Ana reencontra-se com a verdade, a de que sua dedicação à família exclui
qualquer possibilidade para si mesma. A personagem não se rebela, o que os
leitores talvez aguardassem ou quisessem, simplesmente retira-se em busca da
suposta proteção que o âmbito familiar lhe oferece.
A indiferença com que aceita o seu destino espelha para Ana as suas
próprias limitações, coloca-a diante da verdade: a falta de liberdade pessoal na vida
que escolheu. O percurso narrativo poderia ser retratado desta forma:
Auxiliar: retorno ao lar como fuga
para aplacar o fluxo
P---------------------------------- ----------------------------------------------------ÆO
Ana Opositor: fluxo de consciência Infelicidade
62
Ana não atinge seu objetivo, não demonstra possuir coragem necessária para
enfrentar os possíveis reveses que um novo papel lhe traria, continua assegurando
sua modalização:
ser + parecer = mentira, ou seja, não é, mas parece ser feliz.

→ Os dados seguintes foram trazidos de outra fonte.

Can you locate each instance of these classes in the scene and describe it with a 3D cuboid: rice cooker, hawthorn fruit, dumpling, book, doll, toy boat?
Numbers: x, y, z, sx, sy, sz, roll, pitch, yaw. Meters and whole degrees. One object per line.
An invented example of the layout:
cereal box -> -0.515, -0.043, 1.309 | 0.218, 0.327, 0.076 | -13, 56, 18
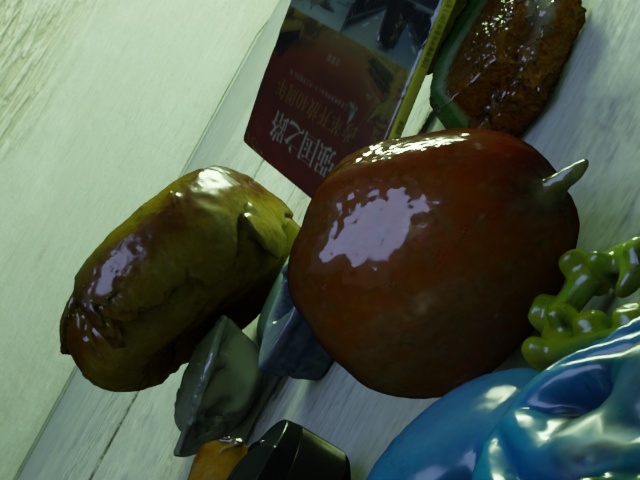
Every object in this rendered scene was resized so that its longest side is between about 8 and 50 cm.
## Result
rice cooker -> -0.038, 0.234, 1.055 | 0.112, 0.106, 0.165 | -40, 29, 56
hawthorn fruit -> 0.099, 0.000, 0.897 | 0.251, 0.199, 0.199 | -31, 30, 41
dumpling -> -0.126, 0.184, 1.493 | 0.176, 0.092, 0.150 | -51, 12, 37
book -> 0.042, -0.228, 1.321 | 0.262, 0.028, 0.373 | 40, 113, 50
doll -> 0.135, 0.109, 0.667 | 0.346, 0.098, 0.341 | -45, 10, -34
toy boat -> 0.007, 0.027, 1.362 | 0.127, 0.078, 0.283 | -35, 29, 60

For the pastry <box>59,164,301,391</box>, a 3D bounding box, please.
pastry -> -0.170, 0.054, 1.568 | 0.356, 0.164, 0.356 | -41, -13, -12

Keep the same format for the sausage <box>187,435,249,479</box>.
sausage -> -0.110, 0.316, 1.167 | 0.109, 0.109, 0.270 | -42, 23, 54

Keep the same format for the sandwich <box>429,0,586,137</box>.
sandwich -> 0.163, -0.163, 1.173 | 0.235, 0.079, 0.159 | -65, 14, -19

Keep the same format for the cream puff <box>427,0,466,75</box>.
cream puff -> 0.114, -0.314, 1.432 | 0.282, 0.185, 0.281 | -14, 72, 50

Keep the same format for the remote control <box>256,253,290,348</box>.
remote control -> 0.001, 0.000, 1.500 | 0.293, 0.051, 0.103 | -62, 13, -9
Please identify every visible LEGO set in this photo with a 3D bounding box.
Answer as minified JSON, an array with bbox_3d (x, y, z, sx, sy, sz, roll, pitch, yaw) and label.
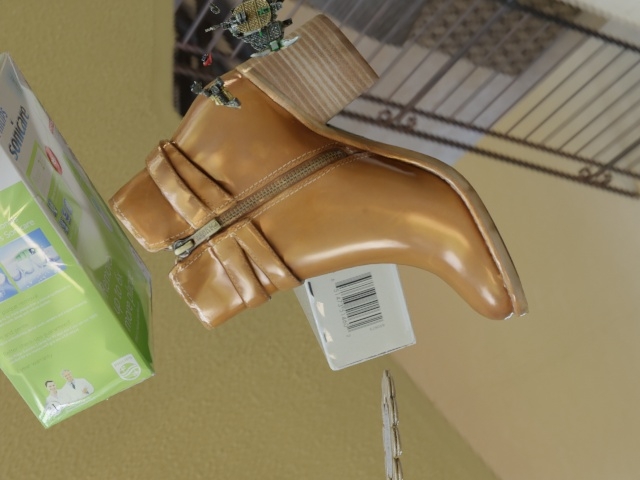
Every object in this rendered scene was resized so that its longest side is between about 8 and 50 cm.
[{"bbox_3d":[-0.040,-0.110,0.580,0.054,0.083,0.023,42,-177,17],"label":"LEGO set"}]

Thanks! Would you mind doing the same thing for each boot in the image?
[{"bbox_3d":[0.000,0.000,0.798,0.220,0.109,0.283,-41,-82,1],"label":"boot"}]

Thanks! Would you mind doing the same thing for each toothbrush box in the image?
[{"bbox_3d":[-0.274,-0.004,0.996,0.283,0.122,0.206,61,-176,-26],"label":"toothbrush box"}]

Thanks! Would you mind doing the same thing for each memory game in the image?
[{"bbox_3d":[0.093,0.260,1.387,0.012,0.186,0.186,-3,-122,-1],"label":"memory game"}]

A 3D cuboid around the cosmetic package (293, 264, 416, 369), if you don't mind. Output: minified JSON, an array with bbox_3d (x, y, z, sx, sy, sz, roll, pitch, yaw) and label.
[{"bbox_3d":[0.015,0.021,1.358,0.113,0.309,0.160,-18,-68,-4],"label":"cosmetic package"}]
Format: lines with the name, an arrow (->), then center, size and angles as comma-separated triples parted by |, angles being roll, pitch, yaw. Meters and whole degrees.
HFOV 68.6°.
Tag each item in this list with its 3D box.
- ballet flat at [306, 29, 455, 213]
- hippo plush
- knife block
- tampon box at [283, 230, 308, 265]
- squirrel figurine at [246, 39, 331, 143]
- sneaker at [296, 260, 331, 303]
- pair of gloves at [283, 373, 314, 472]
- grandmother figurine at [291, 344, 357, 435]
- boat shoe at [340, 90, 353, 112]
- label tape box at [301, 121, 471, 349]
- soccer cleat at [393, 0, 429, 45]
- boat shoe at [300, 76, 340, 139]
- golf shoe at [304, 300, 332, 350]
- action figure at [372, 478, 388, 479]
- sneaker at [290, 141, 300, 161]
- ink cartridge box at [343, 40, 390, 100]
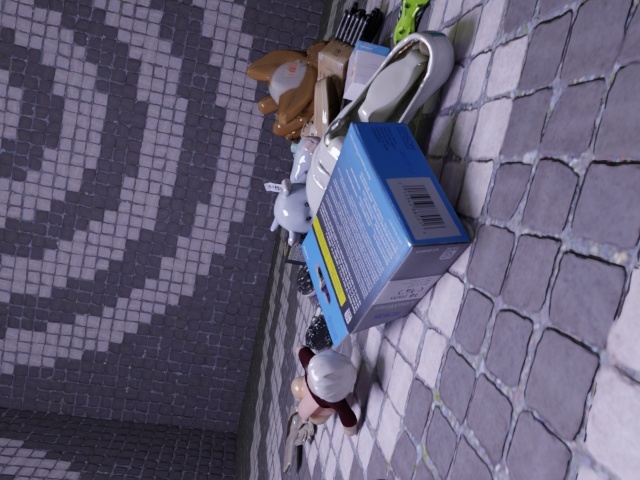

Constata-se a influência e o poder que as regras sociais impõem aos papéis
femininos. Não há como negar que a mulher utiliza-se da escrita para mostrar essas
forças sociais e o quanto elas interferiram no ser mulher.
No conto “Amor”, a escritora desenha a sociedade da época, retrata o seu
poder e sua influência na vida da personagem Ana. Revela ainda que o papel
escolhido por Ana foi, na verdade, imposto pela sociedade. Se por outro lado Ana
recusasse desempenhar esse papel, teria forças suficientes para se impor, ser
aceita na sociedade, desempenharia uma profissão e seria feliz? Esse era o desafio
que Ana não ousou vivenciar. Tem-se uma narrativa com desfecho de fracasso.
P-----------------------------------------------------------------------------------ÆO
Ana vida familiar
infeliz
No conto, a liberdade que Ana almeja não acontece, mas instiga e mexe com
os conceitos e o pensar do leitor, ao revelar a intenção da autora, que ao tecer um
mundo tão real e conflituoso, descortina a face de uma sociedade que limita e
aprisiona os papéis femininos.
2.4 Análise crítica do discurso
O Controle Interacional é uma dimensão da estrutura textual, e tem como
característica garantir que a interação funcione num nível organizacional, pertencem
à construção das relações sociais e do eu. No conto “Amor”, aparecem poucos
diálogos, os primeiros entre Ana e seu filho e, posteriormente, entre Ana e seu
marido. A primeira interação acontece com Ana abraçada ao filho:
63
“__A vida é horrível, disse-lhe baixo, faminta.”
“__Tenho medo.”
“__Mamãe, chamou o menino.”
“__Não deixe mamãe te esquecer.”
Nessa seqüência de enunciados, Ana deixa transparecer a sua necessidade
de proteção. Demonstra uma fragilidade que ao mesmo tempo em que a convida
enfrentar outras realidades, traz-lhe também a possibilidade de transformação, uma
mudança tão perturbadora que a aproxima da loucura: Ana teme esquecer seu filho.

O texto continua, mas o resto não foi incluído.